» Required work
Everything in the records below goes into the copy exactly, except the pictures.

» Dataset records
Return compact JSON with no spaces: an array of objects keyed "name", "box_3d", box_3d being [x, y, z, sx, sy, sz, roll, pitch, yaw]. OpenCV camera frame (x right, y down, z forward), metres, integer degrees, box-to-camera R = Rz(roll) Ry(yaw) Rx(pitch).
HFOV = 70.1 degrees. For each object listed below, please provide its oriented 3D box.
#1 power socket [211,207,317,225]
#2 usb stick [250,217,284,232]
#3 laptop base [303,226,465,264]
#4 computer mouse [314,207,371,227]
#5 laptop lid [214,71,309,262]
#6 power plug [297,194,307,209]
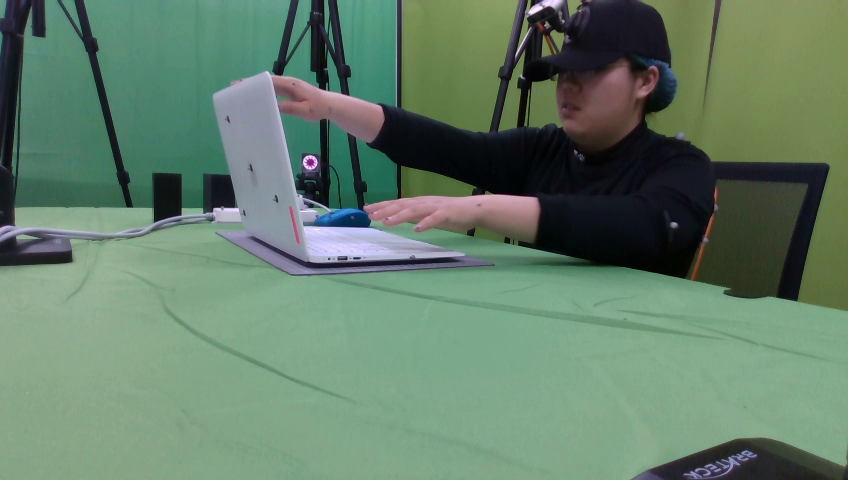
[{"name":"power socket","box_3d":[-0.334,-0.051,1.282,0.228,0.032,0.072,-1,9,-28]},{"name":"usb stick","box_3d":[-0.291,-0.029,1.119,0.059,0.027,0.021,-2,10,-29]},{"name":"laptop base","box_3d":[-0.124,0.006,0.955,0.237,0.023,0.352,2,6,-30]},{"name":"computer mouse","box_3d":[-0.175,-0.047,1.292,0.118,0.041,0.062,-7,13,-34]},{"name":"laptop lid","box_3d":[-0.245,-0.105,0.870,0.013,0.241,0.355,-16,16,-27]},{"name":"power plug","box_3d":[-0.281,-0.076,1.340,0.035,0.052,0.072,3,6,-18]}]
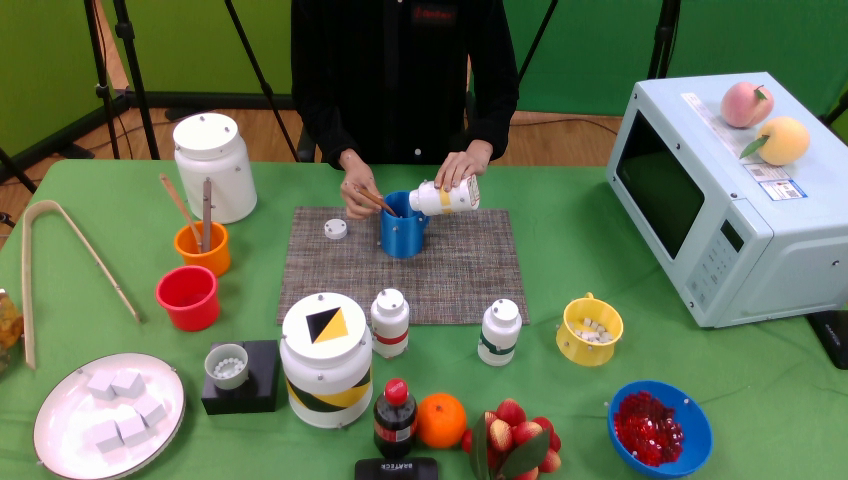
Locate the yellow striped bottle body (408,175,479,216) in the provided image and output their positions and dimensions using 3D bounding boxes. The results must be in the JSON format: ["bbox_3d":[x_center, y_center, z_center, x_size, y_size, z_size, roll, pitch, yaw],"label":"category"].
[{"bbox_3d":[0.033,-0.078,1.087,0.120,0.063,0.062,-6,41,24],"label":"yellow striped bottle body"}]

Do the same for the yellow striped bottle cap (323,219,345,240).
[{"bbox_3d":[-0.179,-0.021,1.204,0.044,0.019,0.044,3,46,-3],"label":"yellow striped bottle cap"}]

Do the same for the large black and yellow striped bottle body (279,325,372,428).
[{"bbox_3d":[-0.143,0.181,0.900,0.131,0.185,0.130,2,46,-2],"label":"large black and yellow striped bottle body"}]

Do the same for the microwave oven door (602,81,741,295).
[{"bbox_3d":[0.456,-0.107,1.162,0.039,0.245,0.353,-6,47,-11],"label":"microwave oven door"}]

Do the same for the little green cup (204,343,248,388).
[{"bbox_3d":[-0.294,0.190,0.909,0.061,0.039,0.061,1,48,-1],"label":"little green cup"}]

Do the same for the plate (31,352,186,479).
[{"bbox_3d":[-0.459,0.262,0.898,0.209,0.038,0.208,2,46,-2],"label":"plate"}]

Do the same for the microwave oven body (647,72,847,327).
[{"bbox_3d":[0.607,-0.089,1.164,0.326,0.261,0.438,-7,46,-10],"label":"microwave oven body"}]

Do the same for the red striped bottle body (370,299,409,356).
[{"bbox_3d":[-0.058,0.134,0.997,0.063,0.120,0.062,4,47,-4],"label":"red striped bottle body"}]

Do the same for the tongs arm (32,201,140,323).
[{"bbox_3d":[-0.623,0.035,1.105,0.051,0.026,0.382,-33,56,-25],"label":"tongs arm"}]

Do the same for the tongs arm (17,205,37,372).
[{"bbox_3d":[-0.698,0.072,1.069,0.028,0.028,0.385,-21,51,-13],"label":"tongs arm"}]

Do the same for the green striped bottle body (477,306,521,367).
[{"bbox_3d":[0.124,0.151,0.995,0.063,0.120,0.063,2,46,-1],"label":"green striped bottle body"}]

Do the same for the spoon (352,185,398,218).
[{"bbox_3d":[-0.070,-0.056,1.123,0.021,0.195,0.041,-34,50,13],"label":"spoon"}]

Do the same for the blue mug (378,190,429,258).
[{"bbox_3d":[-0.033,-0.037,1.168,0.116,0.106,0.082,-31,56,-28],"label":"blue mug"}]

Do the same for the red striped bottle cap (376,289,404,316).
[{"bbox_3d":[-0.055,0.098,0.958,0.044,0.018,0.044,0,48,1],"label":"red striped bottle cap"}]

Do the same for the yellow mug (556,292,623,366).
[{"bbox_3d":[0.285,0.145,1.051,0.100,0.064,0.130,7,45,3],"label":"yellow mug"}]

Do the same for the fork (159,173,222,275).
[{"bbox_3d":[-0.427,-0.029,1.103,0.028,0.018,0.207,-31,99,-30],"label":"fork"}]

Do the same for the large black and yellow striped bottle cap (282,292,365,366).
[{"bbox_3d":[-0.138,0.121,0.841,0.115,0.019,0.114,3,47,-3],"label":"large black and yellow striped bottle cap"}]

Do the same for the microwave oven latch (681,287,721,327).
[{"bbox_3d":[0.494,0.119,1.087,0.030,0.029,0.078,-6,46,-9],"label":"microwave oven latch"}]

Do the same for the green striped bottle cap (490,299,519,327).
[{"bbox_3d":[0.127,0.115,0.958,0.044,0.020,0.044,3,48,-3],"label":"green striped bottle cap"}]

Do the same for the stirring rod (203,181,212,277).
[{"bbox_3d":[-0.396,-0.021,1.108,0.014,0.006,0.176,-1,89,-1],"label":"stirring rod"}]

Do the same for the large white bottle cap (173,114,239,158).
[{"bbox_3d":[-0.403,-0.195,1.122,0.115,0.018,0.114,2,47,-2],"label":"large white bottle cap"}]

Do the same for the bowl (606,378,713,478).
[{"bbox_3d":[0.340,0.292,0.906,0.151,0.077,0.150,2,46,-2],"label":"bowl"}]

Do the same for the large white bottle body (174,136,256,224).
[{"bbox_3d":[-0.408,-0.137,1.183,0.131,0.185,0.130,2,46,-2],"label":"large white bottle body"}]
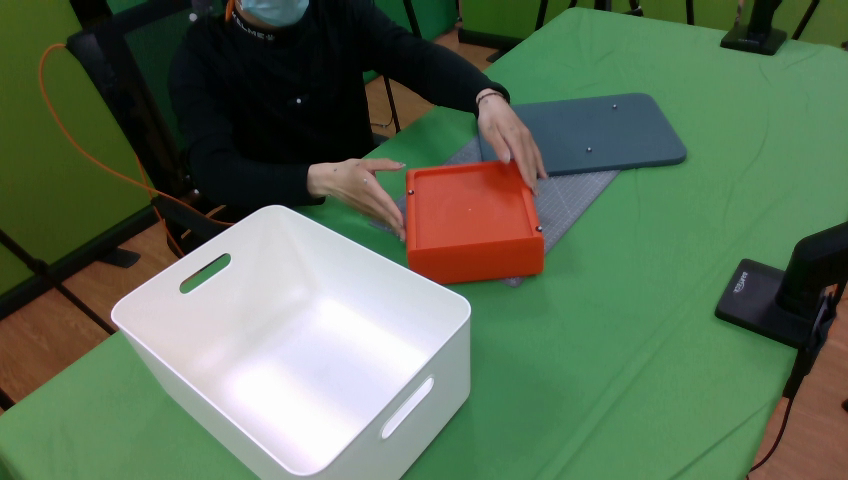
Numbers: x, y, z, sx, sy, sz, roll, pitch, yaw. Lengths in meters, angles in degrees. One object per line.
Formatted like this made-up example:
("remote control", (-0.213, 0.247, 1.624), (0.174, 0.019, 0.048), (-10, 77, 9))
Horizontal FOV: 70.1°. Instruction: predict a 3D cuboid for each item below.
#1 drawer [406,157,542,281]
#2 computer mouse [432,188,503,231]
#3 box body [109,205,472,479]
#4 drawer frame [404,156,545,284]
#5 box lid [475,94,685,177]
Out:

» Solution to this problem
Return compact JSON with no spaces: an array of objects keyed "name", "box_3d", box_3d being [x, y, z, sx, sy, sz, roll, pitch, yaw]. OpenCV camera frame (x right, y down, z forward), metres, integer degrees, box-to-camera R = Rz(roll) Ry(yaw) Rx(pitch).
HFOV = 70.1 degrees. For each object listed below, please provide its oriented 3D box.
#1 power socket [211,207,317,225]
#2 usb stick [250,217,284,232]
#3 laptop base [303,226,465,264]
#4 computer mouse [314,207,371,227]
#5 laptop lid [214,71,309,262]
#6 power plug [297,194,307,209]
[{"name":"power socket","box_3d":[-0.334,-0.051,1.282,0.228,0.032,0.072,-1,9,-28]},{"name":"usb stick","box_3d":[-0.291,-0.029,1.119,0.059,0.027,0.021,-2,10,-29]},{"name":"laptop base","box_3d":[-0.124,0.006,0.955,0.237,0.023,0.352,2,6,-30]},{"name":"computer mouse","box_3d":[-0.175,-0.047,1.292,0.118,0.041,0.062,-7,13,-34]},{"name":"laptop lid","box_3d":[-0.245,-0.105,0.870,0.013,0.241,0.355,-16,16,-27]},{"name":"power plug","box_3d":[-0.281,-0.076,1.340,0.035,0.052,0.072,3,6,-18]}]
Locate the yellow striped bottle body (408,175,479,216) in the provided image and output their positions and dimensions using 3D bounding boxes. The results must be in the JSON format: ["bbox_3d":[x_center, y_center, z_center, x_size, y_size, z_size, roll, pitch, yaw],"label":"category"].
[{"bbox_3d":[0.033,-0.078,1.087,0.120,0.063,0.062,-6,41,24],"label":"yellow striped bottle body"}]

Do the same for the yellow striped bottle cap (323,219,345,240).
[{"bbox_3d":[-0.179,-0.021,1.204,0.044,0.019,0.044,3,46,-3],"label":"yellow striped bottle cap"}]

Do the same for the large black and yellow striped bottle body (279,325,372,428).
[{"bbox_3d":[-0.143,0.181,0.900,0.131,0.185,0.130,2,46,-2],"label":"large black and yellow striped bottle body"}]

Do the same for the microwave oven door (602,81,741,295).
[{"bbox_3d":[0.456,-0.107,1.162,0.039,0.245,0.353,-6,47,-11],"label":"microwave oven door"}]

Do the same for the little green cup (204,343,248,388).
[{"bbox_3d":[-0.294,0.190,0.909,0.061,0.039,0.061,1,48,-1],"label":"little green cup"}]

Do the same for the plate (31,352,186,479).
[{"bbox_3d":[-0.459,0.262,0.898,0.209,0.038,0.208,2,46,-2],"label":"plate"}]

Do the same for the microwave oven body (647,72,847,327).
[{"bbox_3d":[0.607,-0.089,1.164,0.326,0.261,0.438,-7,46,-10],"label":"microwave oven body"}]

Do the same for the red striped bottle body (370,299,409,356).
[{"bbox_3d":[-0.058,0.134,0.997,0.063,0.120,0.062,4,47,-4],"label":"red striped bottle body"}]

Do the same for the tongs arm (32,201,140,323).
[{"bbox_3d":[-0.623,0.035,1.105,0.051,0.026,0.382,-33,56,-25],"label":"tongs arm"}]

Do the same for the tongs arm (17,205,37,372).
[{"bbox_3d":[-0.698,0.072,1.069,0.028,0.028,0.385,-21,51,-13],"label":"tongs arm"}]

Do the same for the green striped bottle body (477,306,521,367).
[{"bbox_3d":[0.124,0.151,0.995,0.063,0.120,0.063,2,46,-1],"label":"green striped bottle body"}]

Do the same for the spoon (352,185,398,218).
[{"bbox_3d":[-0.070,-0.056,1.123,0.021,0.195,0.041,-34,50,13],"label":"spoon"}]

Do the same for the blue mug (378,190,429,258).
[{"bbox_3d":[-0.033,-0.037,1.168,0.116,0.106,0.082,-31,56,-28],"label":"blue mug"}]

Do the same for the red striped bottle cap (376,289,404,316).
[{"bbox_3d":[-0.055,0.098,0.958,0.044,0.018,0.044,0,48,1],"label":"red striped bottle cap"}]

Do the same for the yellow mug (556,292,623,366).
[{"bbox_3d":[0.285,0.145,1.051,0.100,0.064,0.130,7,45,3],"label":"yellow mug"}]

Do the same for the fork (159,173,222,275).
[{"bbox_3d":[-0.427,-0.029,1.103,0.028,0.018,0.207,-31,99,-30],"label":"fork"}]

Do the same for the large black and yellow striped bottle cap (282,292,365,366).
[{"bbox_3d":[-0.138,0.121,0.841,0.115,0.019,0.114,3,47,-3],"label":"large black and yellow striped bottle cap"}]

Do the same for the microwave oven latch (681,287,721,327).
[{"bbox_3d":[0.494,0.119,1.087,0.030,0.029,0.078,-6,46,-9],"label":"microwave oven latch"}]

Do the same for the green striped bottle cap (490,299,519,327).
[{"bbox_3d":[0.127,0.115,0.958,0.044,0.020,0.044,3,48,-3],"label":"green striped bottle cap"}]

Do the same for the stirring rod (203,181,212,277).
[{"bbox_3d":[-0.396,-0.021,1.108,0.014,0.006,0.176,-1,89,-1],"label":"stirring rod"}]

Do the same for the large white bottle cap (173,114,239,158).
[{"bbox_3d":[-0.403,-0.195,1.122,0.115,0.018,0.114,2,47,-2],"label":"large white bottle cap"}]

Do the same for the bowl (606,378,713,478).
[{"bbox_3d":[0.340,0.292,0.906,0.151,0.077,0.150,2,46,-2],"label":"bowl"}]

Do the same for the large white bottle body (174,136,256,224).
[{"bbox_3d":[-0.408,-0.137,1.183,0.131,0.185,0.130,2,46,-2],"label":"large white bottle body"}]
Numbers: x, y, z, sx, sy, sz, roll, pitch, yaw. Lengths in meters, angles in degrees. One object per line.
Formatted like this made-up example:
("remote control", (-0.213, 0.247, 1.624), (0.174, 0.019, 0.048), (-10, 77, 9))
Horizontal FOV: 70.1°. Instruction: predict a 3D cuboid for each item below.
#1 drawer [406,157,542,281]
#2 computer mouse [432,188,503,231]
#3 box body [109,205,472,479]
#4 drawer frame [404,156,545,284]
#5 box lid [475,94,685,177]
Out:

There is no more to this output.